[Collection entries]
++++++++++++++++++++

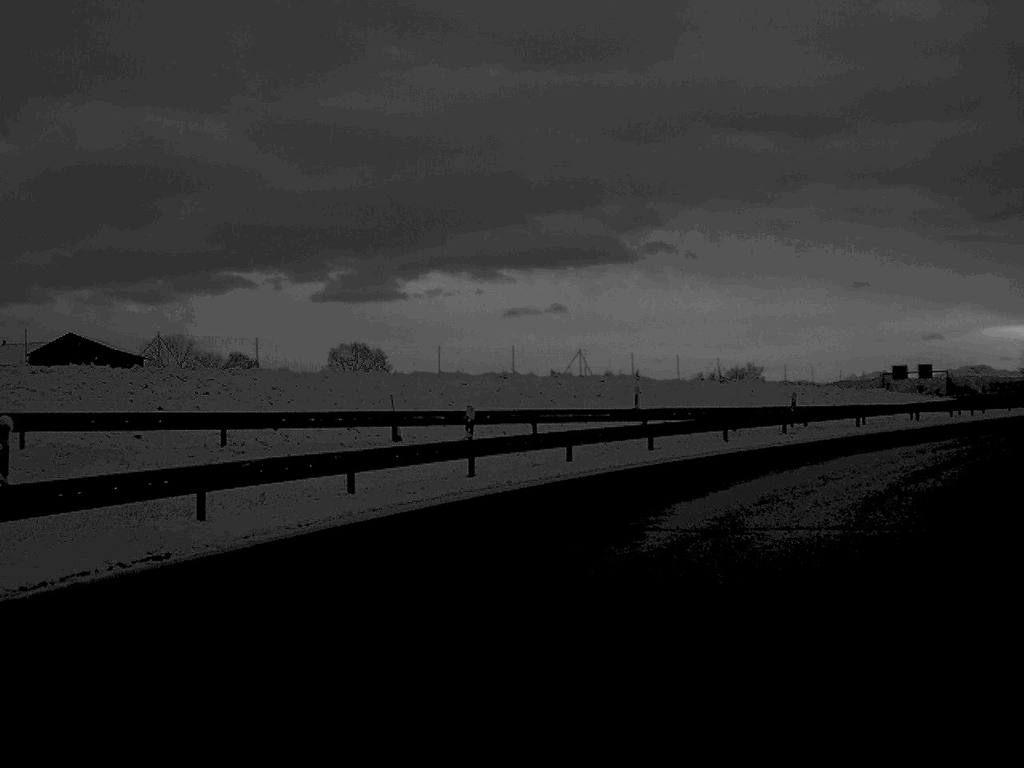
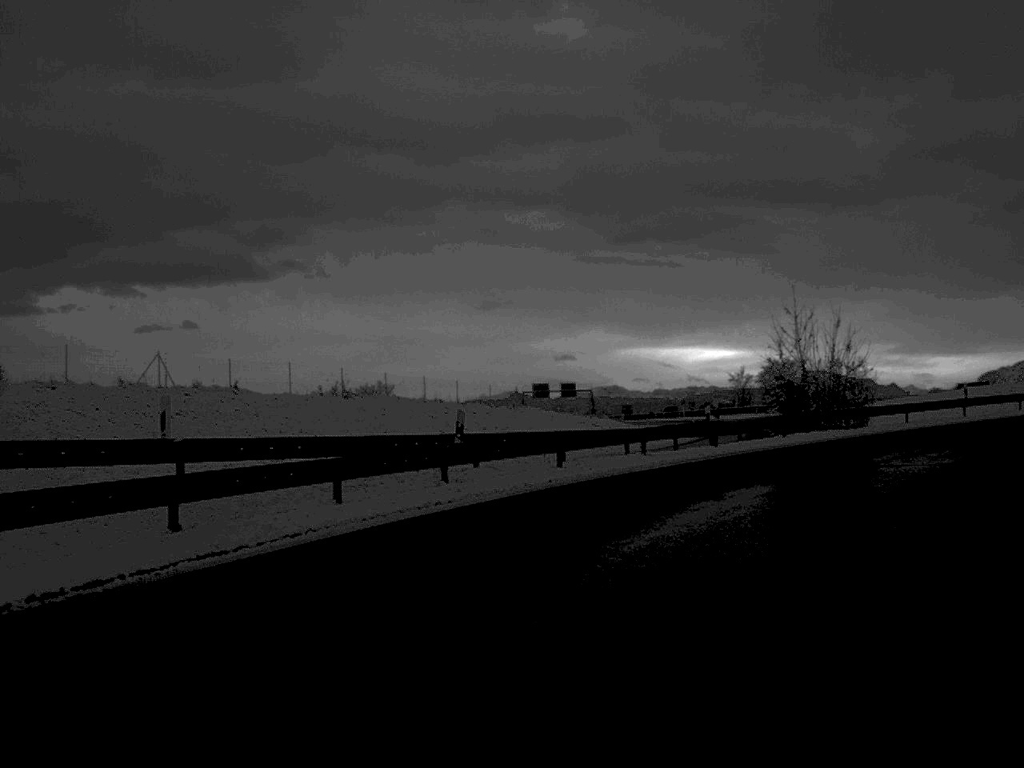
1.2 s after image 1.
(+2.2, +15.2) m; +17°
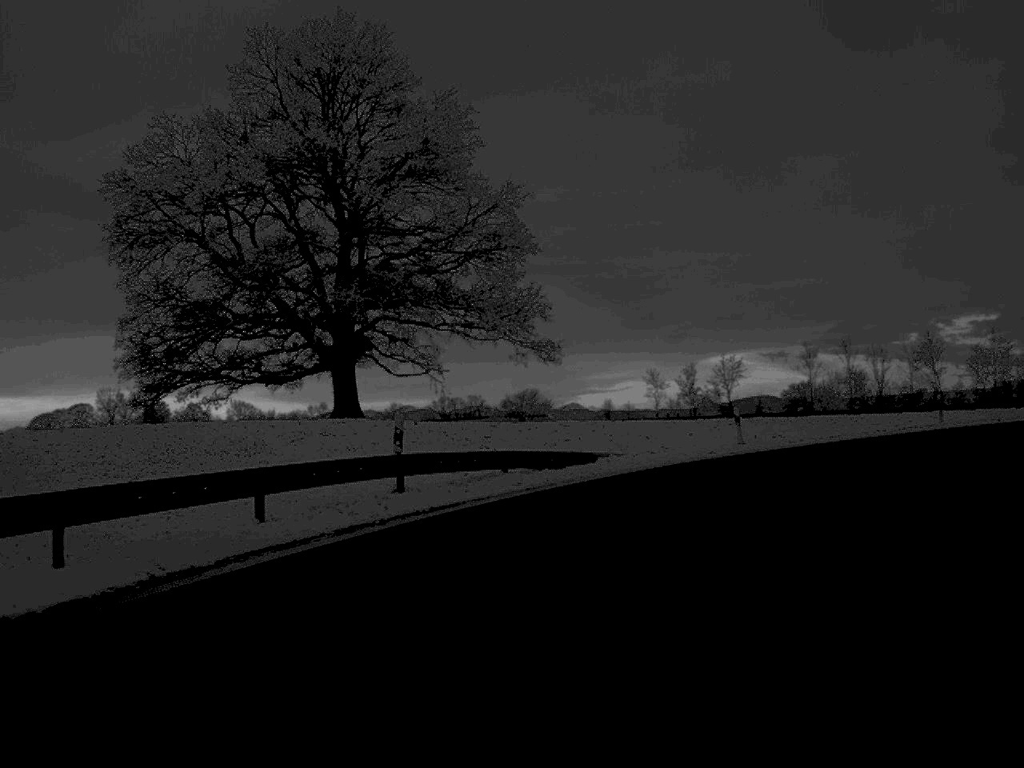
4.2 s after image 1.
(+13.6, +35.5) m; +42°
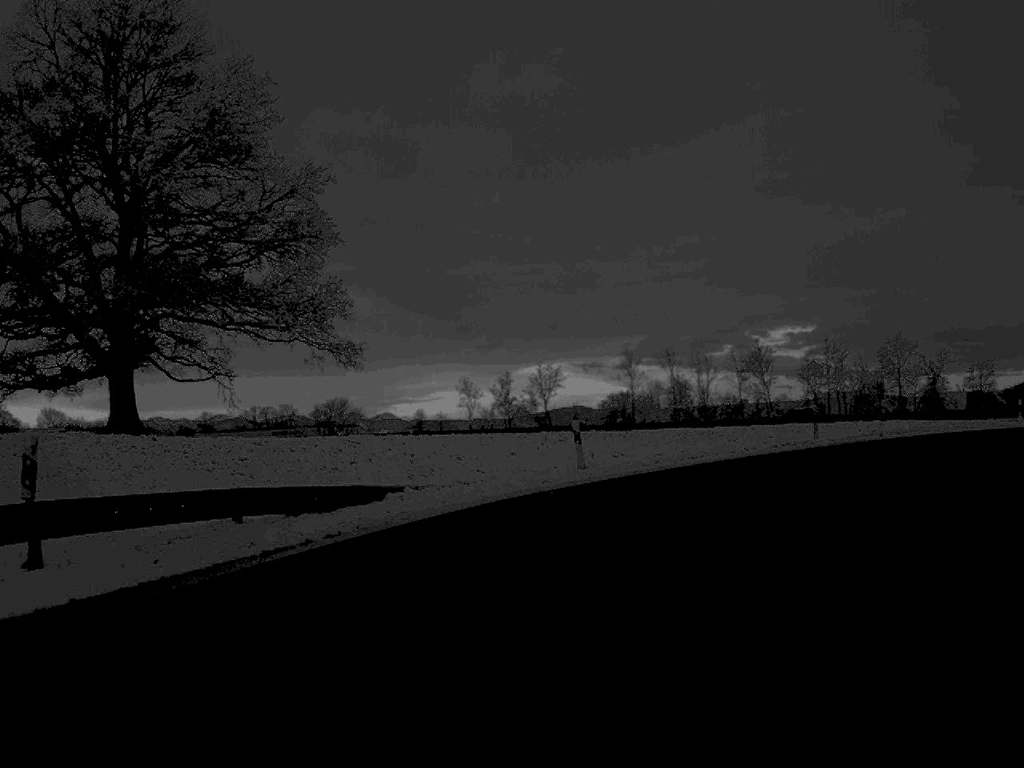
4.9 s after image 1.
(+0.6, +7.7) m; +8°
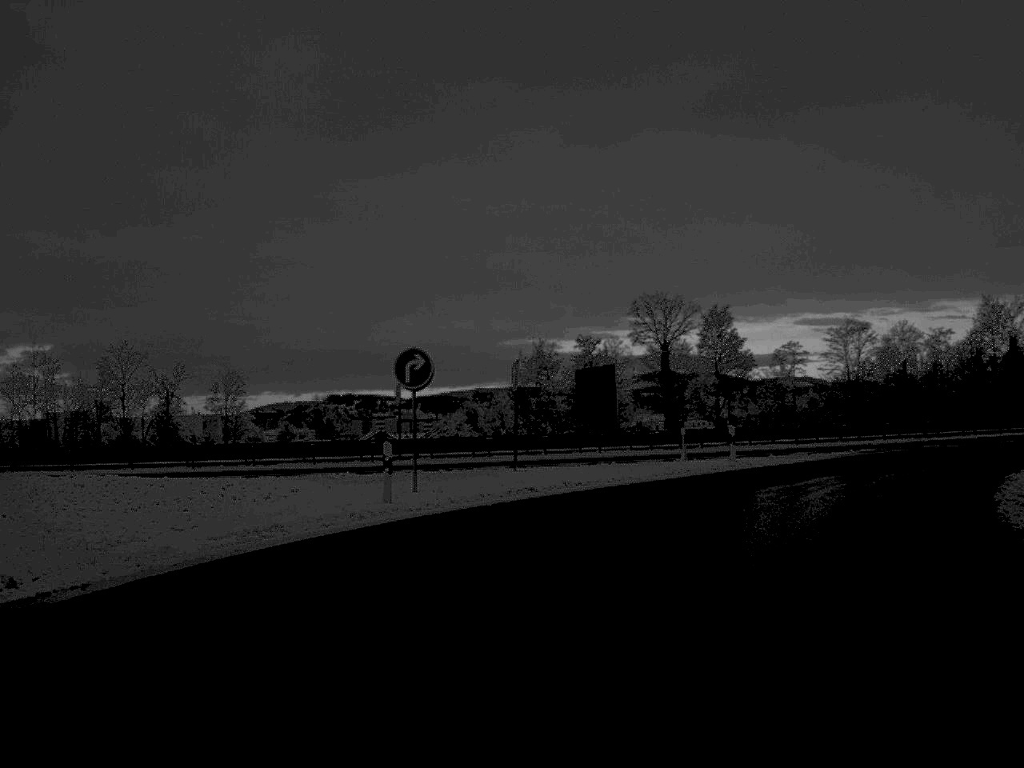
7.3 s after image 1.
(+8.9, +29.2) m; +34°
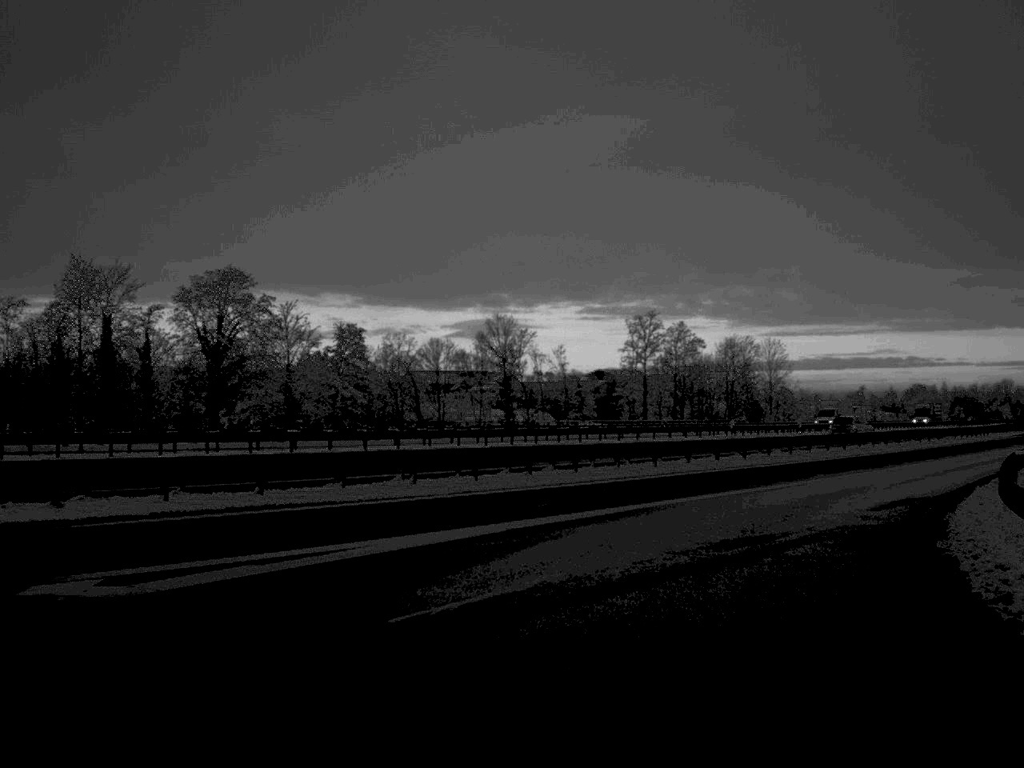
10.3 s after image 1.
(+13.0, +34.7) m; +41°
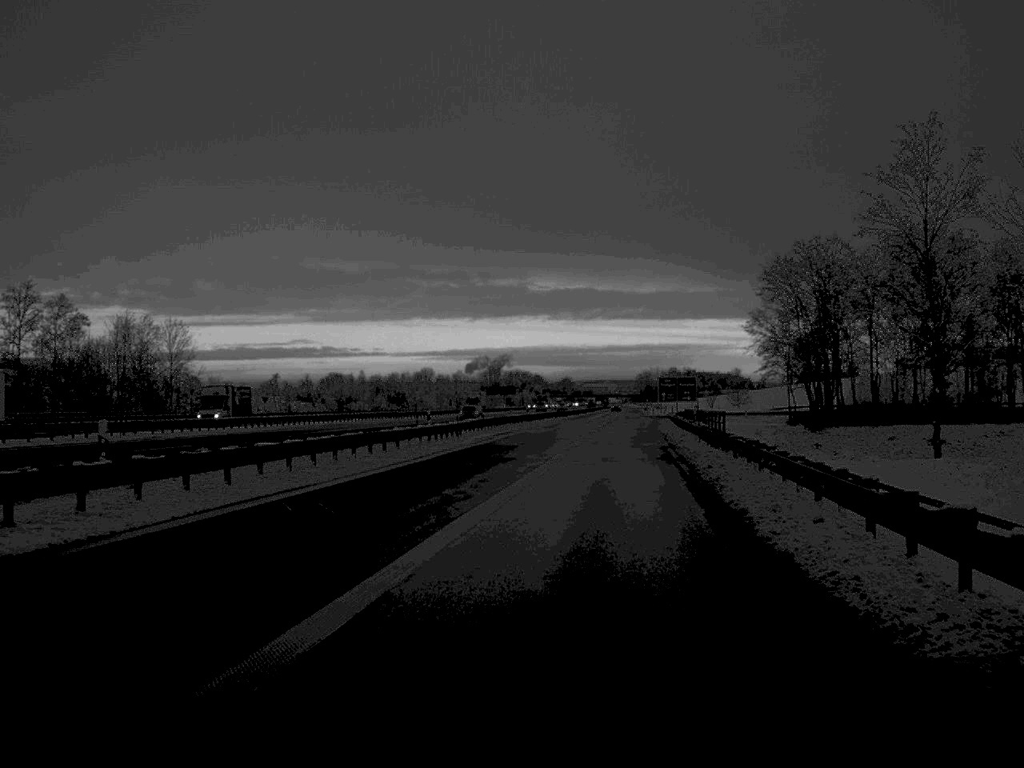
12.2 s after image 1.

++++++++++++++++++++

[Problem] The reply must contain every entry above, exactly as written, and none of the pictures.

[Solution below]
1.2 s after image 1.
(+2.2, +15.2) m; +17°
4.2 s after image 1.
(+13.6, +35.5) m; +42°
4.9 s after image 1.
(+0.6, +7.7) m; +8°
7.3 s after image 1.
(+8.9, +29.2) m; +34°
10.3 s after image 1.
(+13.0, +34.7) m; +41°
12.2 s after image 1.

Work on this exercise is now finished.